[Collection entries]

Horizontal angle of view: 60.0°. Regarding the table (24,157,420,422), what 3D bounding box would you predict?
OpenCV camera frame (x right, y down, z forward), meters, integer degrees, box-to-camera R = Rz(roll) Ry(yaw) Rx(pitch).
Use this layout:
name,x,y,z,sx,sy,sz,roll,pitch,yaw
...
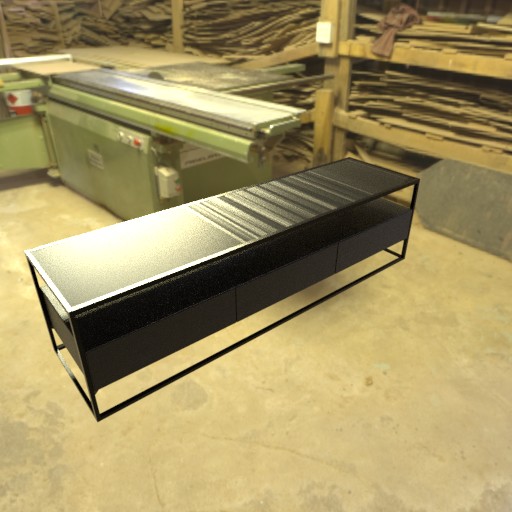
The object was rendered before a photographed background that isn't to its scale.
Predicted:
name,x,y,z,sx,sy,sz,roll,pitch,yaw
table,0.000,0.000,1.713,1.486,0.395,0.399,-22,36,-33

What the task asks - After removing the pictures, set down every record above exactly as it stands.

Finished task -
Horizontal angle of view: 60.0°. Regarding the table (24,157,420,422), what 3D bounding box would you predict?
OpenCV camera frame (x right, y down, z forward), meters, integer degrees, box-to-camera R = Rz(roll) Ry(yaw) Rx(pitch).
Use this layout:
name,x,y,z,sx,sy,sz,roll,pitch,yaw
...
The object was rendered before a photographed background that isn't to its scale.
Predicted:
name,x,y,z,sx,sy,sz,roll,pitch,yaw
table,0.000,0.000,1.713,1.486,0.395,0.399,-22,36,-33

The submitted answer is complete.